Shares of Insperity (NYSE:NSP) slumped on Monday after the provider of human resources outsourcing solutions reported second-quarter results that were in line with analysts' expectations. The stock was down about 22.5% at 1:55 p.m. EDT.
Insperity reported second-quarter revenue of $1.04 billion, up 13% year over year. The average number of work site employees (WSEEs) paid per month rose 14%, with 11% growth in the average number of business performance advisers driven by new client sales. While client retention was above 99%, net gains in the client base were lower than expected due to less hiring of full-time and seasonal employees.

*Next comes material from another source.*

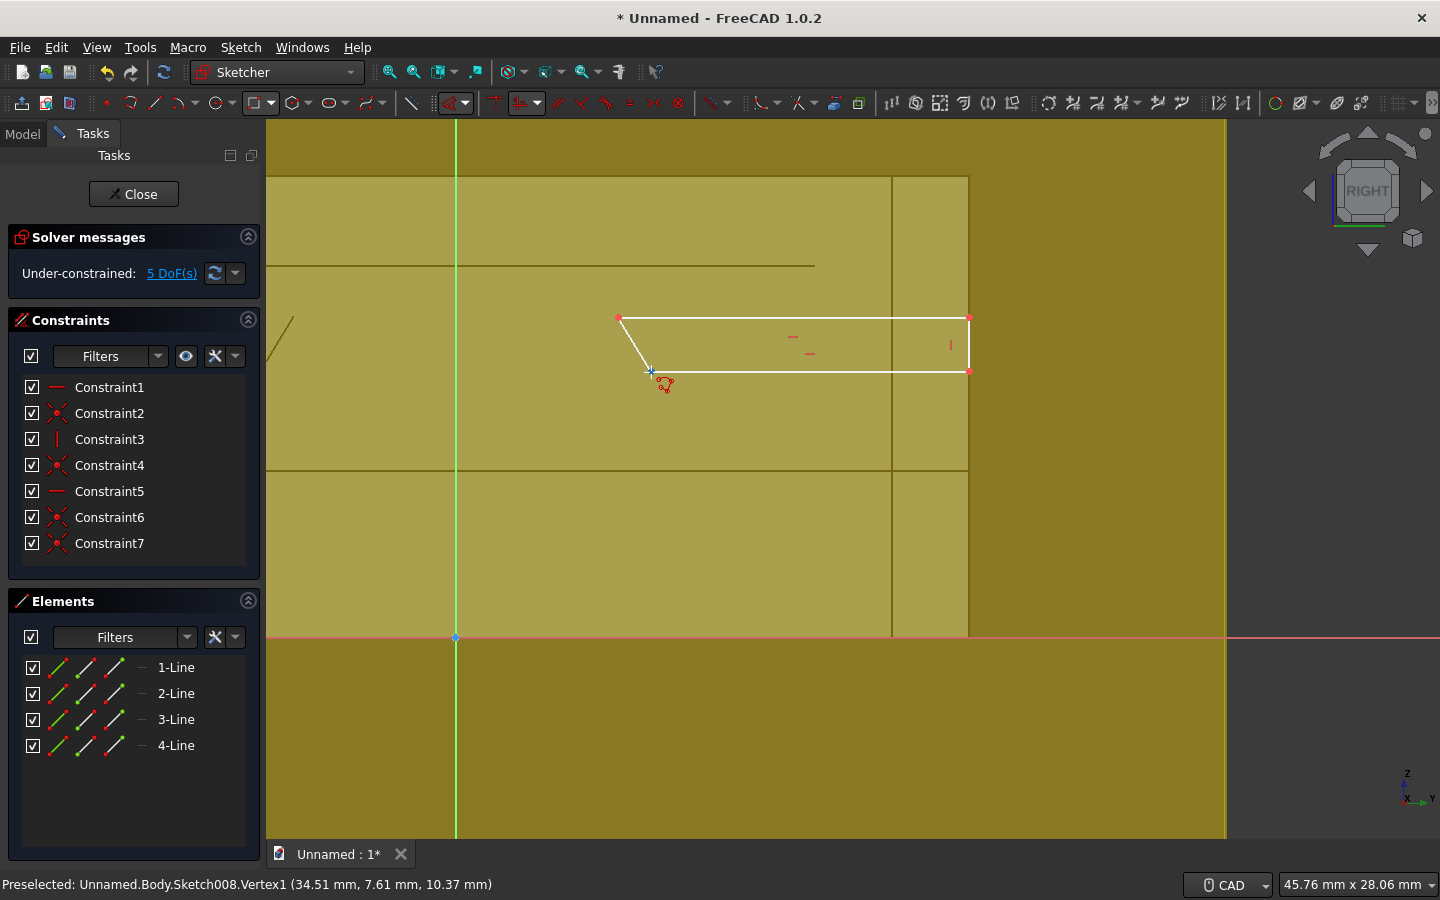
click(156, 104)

Non-GAAP (adjusted) earnings per share came in at $0.83, up from $0.68 in the prior-year period. Gross profit grew by 12%; it was hurt by higher than expected benefits costs driven by large claim activity. Operating expenses also grew by 12%, driven by investments in growth, the opening of eight new sales offices over the past year, and the larger number of business performance advisers.
"We expect to continue our office expansion plan and increase the number of business performance advisers over the balance of the year to continue double-digit growth into 2020," said CEO Paul J. Sarvadi.
For the third quarter, Insperity expects 13% to 13.5% year-over-year growth in average WSEEs paid, 4% to 8% growth in non-GAAP EPS, and 8% to 12% growth in adjusted earnings before interest, taxes, depreciation, and amortization (EBITDA).
For the full year, the company sees average WSEEs paid growth of 13.5% to 14.5%, non-GAAP EPS growth between 22% and 26%, and adjusted EBITDA growth between 16% and 19%.
While Insperity's second-quarter results matched analyst expectations, weaker hiring from clients toward the end of the quarter may have investors worried about a prolonged slowdown.